Factor 9. Contempt/Subpoena Enforcement
Judges have adequate subpoena, contempt, and/or enforcement powers, which are utilized, and these powers are respected and supported by other branches of government.
Factor 10. Budgetary Input
The judiciary has a meaningful opportunity to influence the amount of money allocated to it by the legislative and/or executive branches, and, once funds are allocated to the judiciary, the judiciary has control over its own budget and how such funds are expended.
Factor 11. Adequacy of Judicial Salaries
Judicial salaries are generally sufficient to attract and retain qualified judges, enabling them to support their families and live in a reasonably secure environment, without having to have recourse to other sources of income.
Factor 12. Judicial Buildings
Judicial buildings are conveniently located and easy to find, and they provide a respectable environment for the dispensation of justice with adequate infrastructure.
Factor 13. Judicial Security
Sufficient resources are allocated to protect judges from threats such as harassment, assault, and assassination.
Factor 14. Guaranteed Tenure
Senior level judges are appointed for fixed terms that provide a guaranteed tenure, which is protected until retirement age or the expiration of a defined term of substantial duration.
Factor 15. Objective Judicial Advancement Criteria
Judges are advanced through the judicial system on the basis of objective criteria such as ability, integrity, and experience.
Factor 16. Judicial Immunity for Official Actions
Judges have immunity for actions taken in their official capacity.
Factor 17. Removal and Discipline of Judges
Judges may be removed from office or otherwise punished only for specified official misconduct and through a transparent process, governed by objective criteria.
Factor 18. Case Assignment
Judges are assigned to cases by an objective method, such as by lottery, or according to their specific areas of expertise, and they may be removed only for good cause, such as a conflict of interest or an unduly heavy workload.
Factor 19. Judicial Associations
An association exists, the sole aim of which is to protect and promote the interests of the judiciary, and this organization is active.
V.Accountability and Transparency
Factor 20. Judicial Decisions and Improper Influence
Judicial decisions are based solely on the facts and law without any undue influence from senior judges (e.g., court presidents), private interests, or other branches of government.
Factor 21. Code of Ethics
A judicial code of ethics exists to address major issues such as conflicts of interest, ex parte communications, and inappropriate political activity, and judges are required to receive training concerning this code both before taking office and during their tenure.
Factor 22. Judicial Conduct Complaint Process
A meaningful process exists under which other judges, lawyers, and the public may register complaints concerning judicial conduct.
Factor 23. Public and Media Access to Proceedings
Courtroom proceedings are open to, and can accommodate, the public and the media
Factor 24. Publication of Judicial Decisions
Judicial decisions are generally a matter of public record, and significant appellate opinions are published and open to academic and public scrutiny.

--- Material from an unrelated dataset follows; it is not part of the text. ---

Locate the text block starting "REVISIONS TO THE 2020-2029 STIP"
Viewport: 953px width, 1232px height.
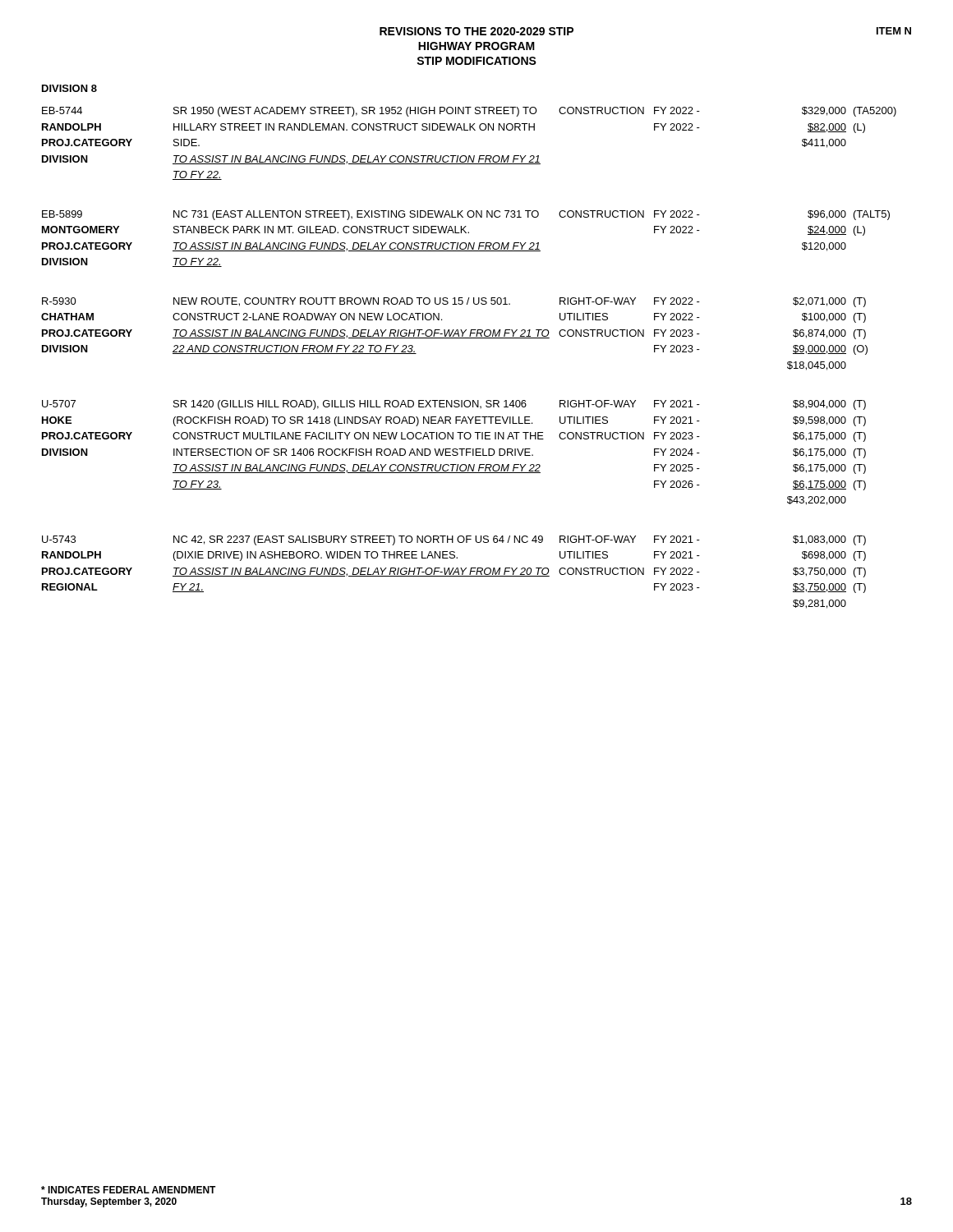pyautogui.click(x=476, y=31)

Factor 25. Maintenance of Trial Records
A transcript or some other reliable record of courtroom proceedings is maintained and is available to the public.
Factor 26. Court Support Staff
Each judge has the basic human resource support necessary to do his or her job, e.g., adequate support staff to handle documentation and legal research.
Factor 27. Judicial Positions
A system exists so that new judicial positions are created as needed.
Factor 28. Case Filing and Tracking Systems
The judicial system maintains a case filing and tracking system that ensures cases are heard in a reasonably efficient manner.
Factor 29. Computers and Office Equipment
The judicial system operates with a sufficient number of computers and other equipment to enable it to handle its caseload in a reasonably efficient manner.
Factor 30. Distribution and Indexing of Current Law
A system exists whereby all judges receive current domestic laws and jurisprudence in a timely manner, and there is a nationally recognized system for identifying and organizing changes in the law.